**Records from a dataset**
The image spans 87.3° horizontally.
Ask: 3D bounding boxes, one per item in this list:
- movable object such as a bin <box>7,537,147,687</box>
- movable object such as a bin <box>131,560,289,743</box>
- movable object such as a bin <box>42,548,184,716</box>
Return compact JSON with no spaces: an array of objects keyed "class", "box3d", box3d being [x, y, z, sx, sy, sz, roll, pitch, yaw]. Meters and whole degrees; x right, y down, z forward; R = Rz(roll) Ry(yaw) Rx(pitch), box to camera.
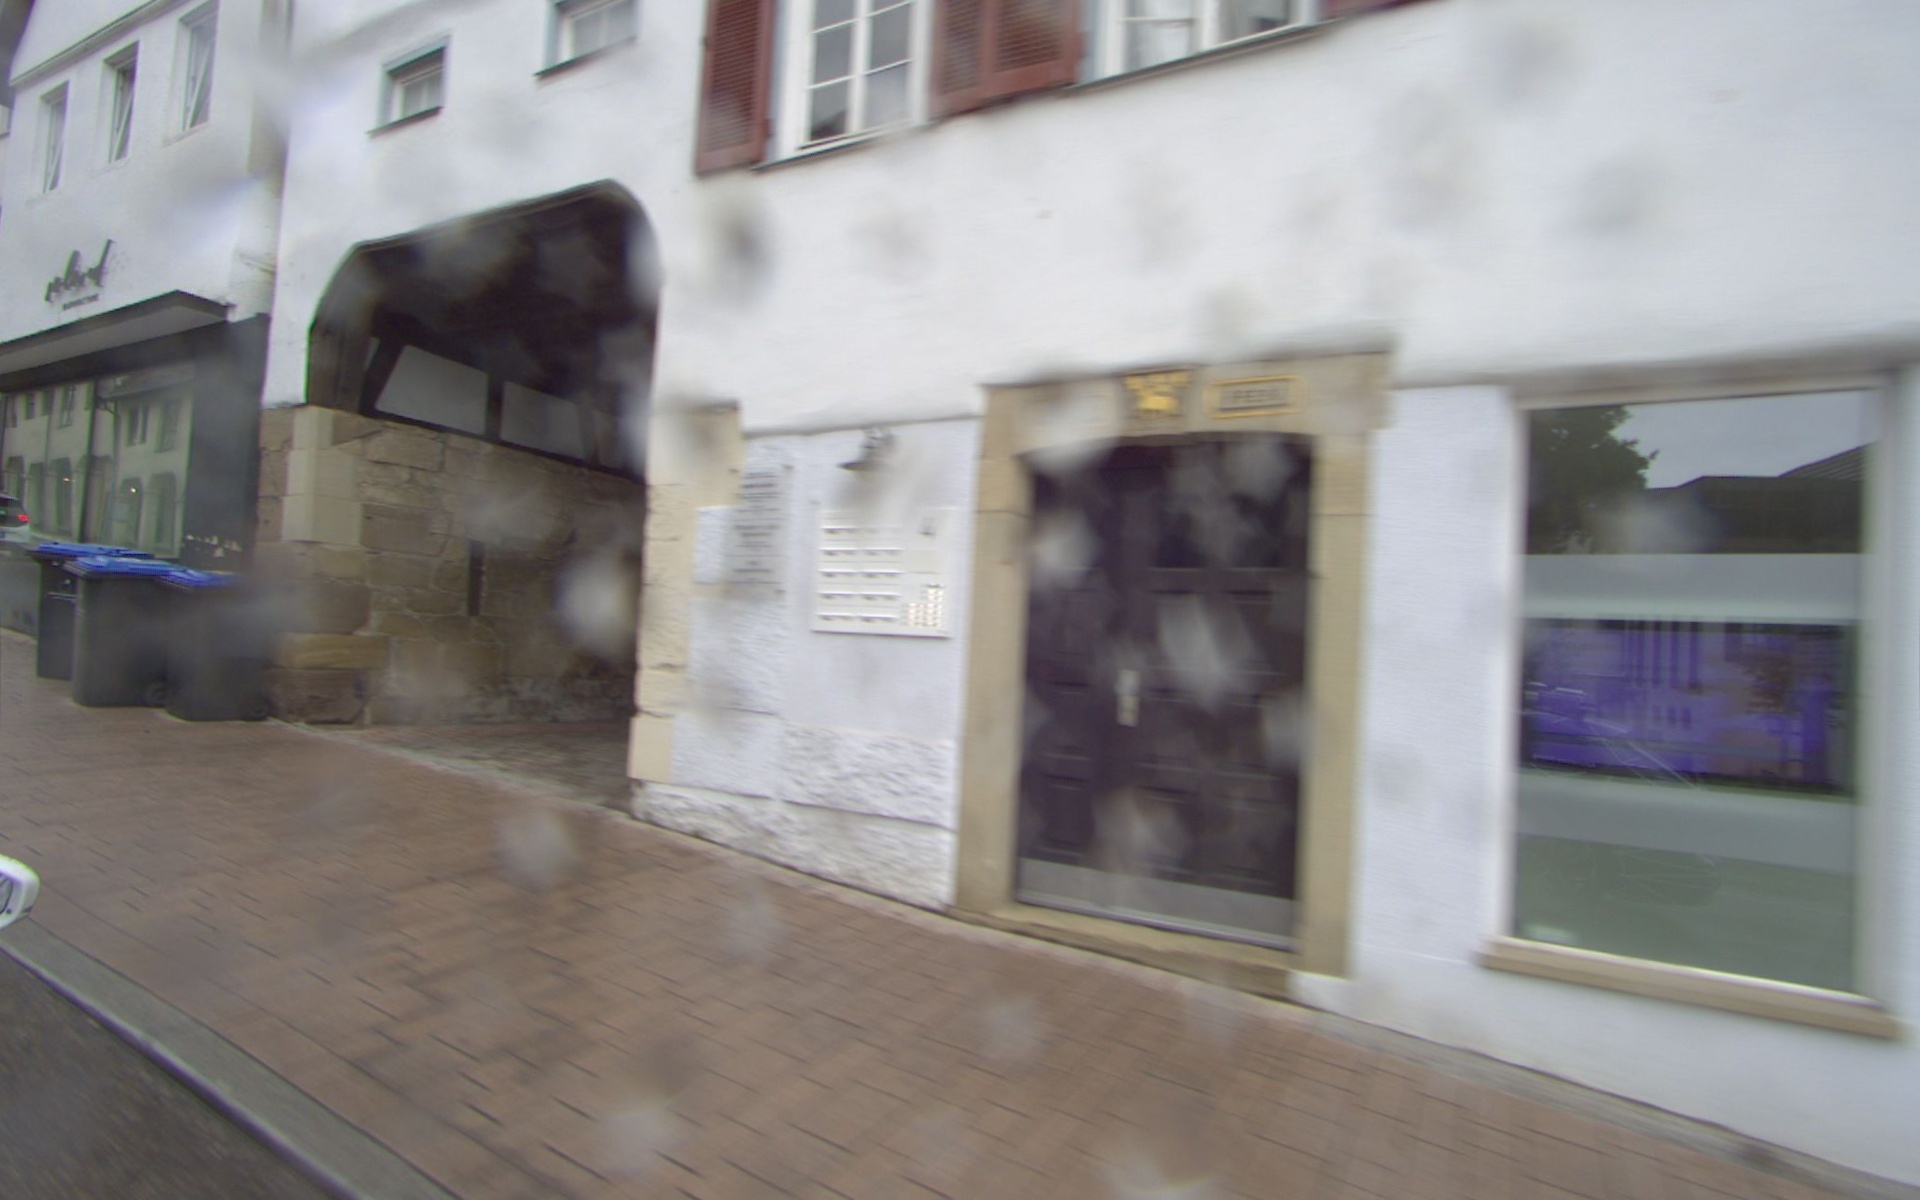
[{"class":"movable object such as a bin","box3d":[-6.992,0.088,7.973,0.604,1.077,0.659,9,5,32]},{"class":"movable object such as a bin","box3d":[-5.532,0.378,7.433,0.595,1.220,0.625,9,1,30]},{"class":"movable object such as a bin","box3d":[-6.257,0.232,7.437,0.665,1.123,0.567,8,3,32]}]

**REQUIRED WORK**
Which lines run from the one that holds "Return compact JSON" to the final line of the records above? Return them exactly, and skip the pictures.

**ANSWER BOX**
Return compact JSON with no spaces: an array of objects keyed "class", "box3d", box3d being [x, y, z, sx, sy, sz, roll, pitch, yaw]. Meters and whole degrees; x right, y down, z forward; R = Rz(roll) Ry(yaw) Rx(pitch), box to camera.
[{"class":"movable object such as a bin","box3d":[-6.992,0.088,7.973,0.604,1.077,0.659,9,5,32]},{"class":"movable object such as a bin","box3d":[-5.532,0.378,7.433,0.595,1.220,0.625,9,1,30]},{"class":"movable object such as a bin","box3d":[-6.257,0.232,7.437,0.665,1.123,0.567,8,3,32]}]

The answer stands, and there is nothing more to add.